There are two important differences from the apply syntax. First, the drop option is the default: that is, if there is no name harmonization specified, variables are dropped. (The nodrop option may be specified to override this behavior, but the user should check the results carefully.) Again, note that you will have to manually recreate the value label lists in the choices sheet, but that the data labels from your original datasets are available for copy-paste from respective choices_ sheets.

File:Append-choices.png

To execute the command, run:

   // Harmonize and append the datasets
   iecodebook append           ///
     "data1.dta" "data2.dta"   ///
     using "codebook.xlsx"     ///
     , surveys(First Second)

The combined dataset will yield the following crosstabs, and a codebook titled codebook\_appended.xlsx will be created in the same location as the append codebook documenting the final state of the dataset for quick reference.

   . ta survey foreign
         Data |        Foreign
       Source |  Domestic    Foreign |     Total
   -----------+----------------------+----------
        First |        52         22 |        74
       Second |        52         22 |        74
   -----------+----------------------+----------
        Total |       104         44 |       148

Export a codebook for an existing dataset

The iecodebook export command provides a simple utility for documenting the current state of a dataset, and for preparing a trimmed "release" version of a dataset. The syntax is:

 iecodebook export [if] [in] using "/path/to/codebook.xlsx"
   , [trim("/path/to/dofile1.do" ["/path/to/dofile2.do"] ...)]

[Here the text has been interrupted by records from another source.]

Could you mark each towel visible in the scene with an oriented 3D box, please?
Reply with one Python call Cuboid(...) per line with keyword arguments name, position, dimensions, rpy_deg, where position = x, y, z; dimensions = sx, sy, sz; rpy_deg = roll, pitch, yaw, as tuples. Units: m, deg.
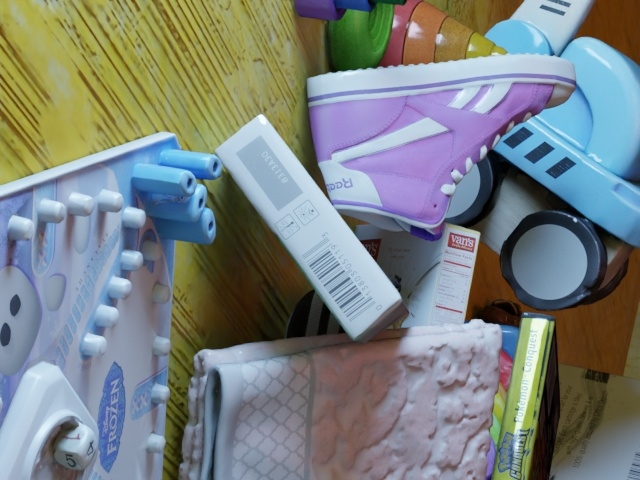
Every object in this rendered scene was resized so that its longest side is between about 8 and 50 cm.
Cuboid(name="towel", position=(0.016, 0.237, 1.383), dimensions=(0.317, 0.053, 0.331), rpy_deg=(-2, 105, -38))

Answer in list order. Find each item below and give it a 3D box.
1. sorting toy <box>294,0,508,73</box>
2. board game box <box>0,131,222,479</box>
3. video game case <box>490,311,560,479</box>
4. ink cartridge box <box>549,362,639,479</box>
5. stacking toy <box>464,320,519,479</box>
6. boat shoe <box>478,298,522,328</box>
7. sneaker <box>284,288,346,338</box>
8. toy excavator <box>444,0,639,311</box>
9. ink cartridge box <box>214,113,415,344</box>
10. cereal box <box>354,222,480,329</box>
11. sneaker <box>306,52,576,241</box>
Cuboid(name="sorting toy", position=(0.090, -0.199, 1.542), dimensions=(0.365, 0.126, 0.127), rpy_deg=(19, 81, -72))
Cuboid(name="board game box", position=(-0.169, 0.151, 1.065), dimensions=(0.390, 0.050, 0.390), rpy_deg=(-31, 128, -66))
Cuboid(name="video game case", position=(0.195, 0.236, 1.605), dimensions=(0.275, 0.035, 0.248), rpy_deg=(72, 29, -62))
Cuboid(name="ink cartridge box", position=(0.341, 0.304, 2.100), dimensions=(0.285, 0.395, 0.166), rpy_deg=(-52, 148, -55))
Cuboid(name="stacking toy", position=(0.127, 0.201, 1.666), dimensions=(0.302, 0.175, 0.165), rpy_deg=(-70, 164, -72))
Cuboid(name="boat shoe", position=(0.256, 0.111, 2.268), dimensions=(0.178, 0.064, 0.060), rpy_deg=(-4, 105, -68))
Cuboid(name="sneaker", position=(0.002, 0.178, 1.508), dimensions=(0.162, 0.106, 0.281), rpy_deg=(-1, 107, -83))
Cuboid(name="toy excavator", position=(0.255, -0.202, 1.814), dimensions=(0.445, 0.433, 0.222), rpy_deg=(-55, 164, 11))
Cuboid(name="ink cartridge box", position=(0.000, 0.000, 1.338), dimensions=(0.056, 0.181, 0.224), rpy_deg=(-37, 172, -1))
Cuboid(name="cereal box", position=(0.069, 0.103, 1.584), dimensions=(0.047, 0.173, 0.240), rpy_deg=(13, 83, -27))
Cuboid(name="sneaker", position=(0.119, -0.084, 1.517), dimensions=(0.282, 0.102, 0.161), rpy_deg=(-10, 91, -27))

The base command will simply produce a record of the dataset's contents at the specified location. If the trim() option is specified, iecodebook export will read the contents of the specified dofiles; drop any variables that do not match the contents; restrict the dataset according to if and in as specified; and save the results in the same location as the codebook as a .dta file with the same name. (Note that this is a new functionality and is imperfectly implemented: trim() will not, for example, correctly parse variable lists or wildcards; and it will match variables which are sub-strings of other variables. Therefore, please check that your results run and reproduce correctly after using this option.)